You should notice a great similarity between the use of parameters for a range and the use of parameters when describing slices of a string, although the syntax is different (with commas separating range parameters, and colons separating those arguments for a slice).


Index-based loops

The reason the range function is so important in Python is that it allows for a technique known as an index-based loop.

We have already seen a for loop to iterate through the characters of a string. While this is quite intuitive, a problem is that when you are in one pass of such a loop, you have a name for the current element but you do not have any context for where that element is relative to others.
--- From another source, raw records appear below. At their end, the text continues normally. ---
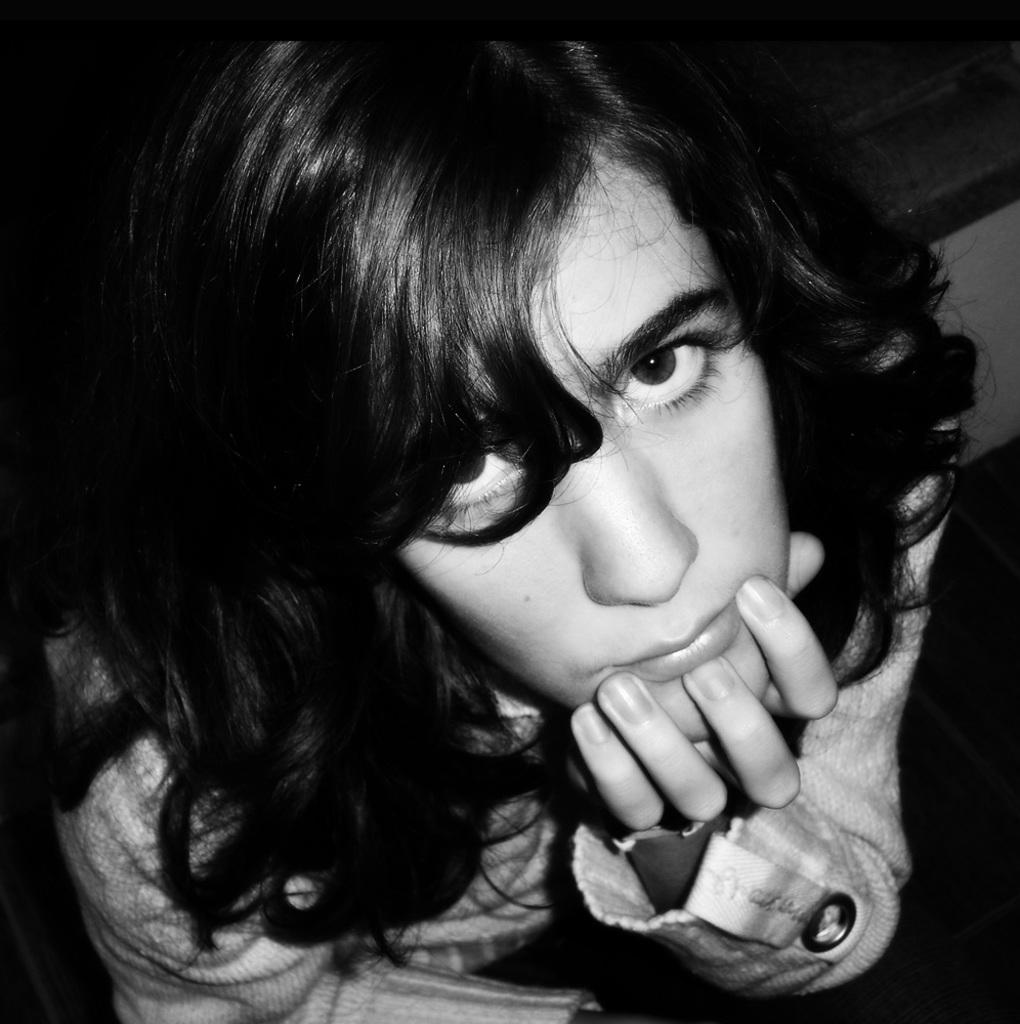What is the color scheme of the image? The image is black and white. What subject is depicted in the image? The image depicts a girl's face. What type of celery is the girl holding in the image? There is no celery present in the image; it only depicts the girl's face. What religious symbol can be seen in the image? There is no religious symbol present in the image; it only depicts the girl's face. 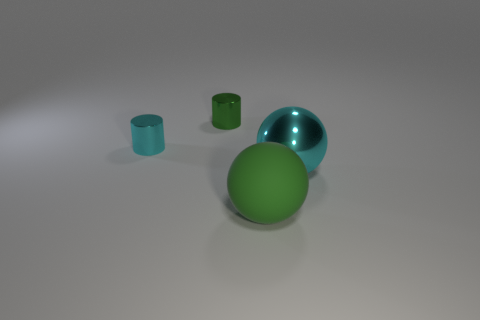The cyan metallic thing that is behind the large thing behind the green ball is what shape?
Ensure brevity in your answer.  Cylinder. Are there fewer brown rubber things than big green objects?
Ensure brevity in your answer.  Yes. What color is the matte sphere that is in front of the cyan metallic sphere?
Give a very brief answer. Green. There is a object that is behind the rubber thing and right of the small green thing; what material is it?
Give a very brief answer. Metal. There is a big object that is the same material as the small cyan object; what is its shape?
Ensure brevity in your answer.  Sphere. What number of big metal spheres are to the left of the metal cylinder in front of the small green metal cylinder?
Your response must be concise. 0. How many objects are both behind the big green rubber ball and right of the small green shiny thing?
Provide a succinct answer. 1. What number of other things are there of the same material as the green sphere
Offer a very short reply. 0. What is the color of the object in front of the thing on the right side of the big green rubber sphere?
Ensure brevity in your answer.  Green. Is the color of the shiny thing on the right side of the green cylinder the same as the rubber thing?
Keep it short and to the point. No. 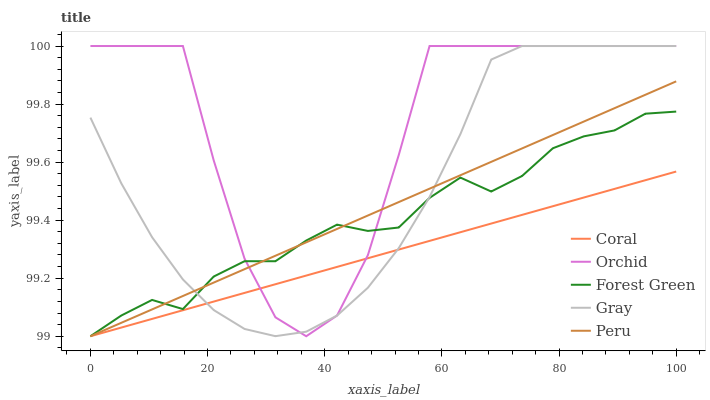Does Coral have the minimum area under the curve?
Answer yes or no. Yes. Does Orchid have the maximum area under the curve?
Answer yes or no. Yes. Does Forest Green have the minimum area under the curve?
Answer yes or no. No. Does Forest Green have the maximum area under the curve?
Answer yes or no. No. Is Peru the smoothest?
Answer yes or no. Yes. Is Orchid the roughest?
Answer yes or no. Yes. Is Coral the smoothest?
Answer yes or no. No. Is Coral the roughest?
Answer yes or no. No. Does Coral have the lowest value?
Answer yes or no. Yes. Does Orchid have the lowest value?
Answer yes or no. No. Does Orchid have the highest value?
Answer yes or no. Yes. Does Forest Green have the highest value?
Answer yes or no. No. Does Orchid intersect Gray?
Answer yes or no. Yes. Is Orchid less than Gray?
Answer yes or no. No. Is Orchid greater than Gray?
Answer yes or no. No.

Just as a loop can iterate over characters of a string, it can be used to iterate through elements of a list (any list). When we use range to make a list, we can define a range to intentionally correspond to the integers that are indices of some other sequence. As a simple example, a direct for loop on a string might appear as


for base in dna:
    print(base)

A corresponding index-based loop instead formally defines a loop variable which is an integer index that can subsequently be used to index into the original sequence. An equivalent behavior to the previous loop might be expressed as

for k in range(len(dna)):
    print(dna[k])

For example, if the original dna string had length 5, then notice that len(dna) is 5 and thus range(len(dna)) produces sequence [0,1,2,3,4]. So as we loop through that range, we get each legitimate index into the string, which we might use as dna[k].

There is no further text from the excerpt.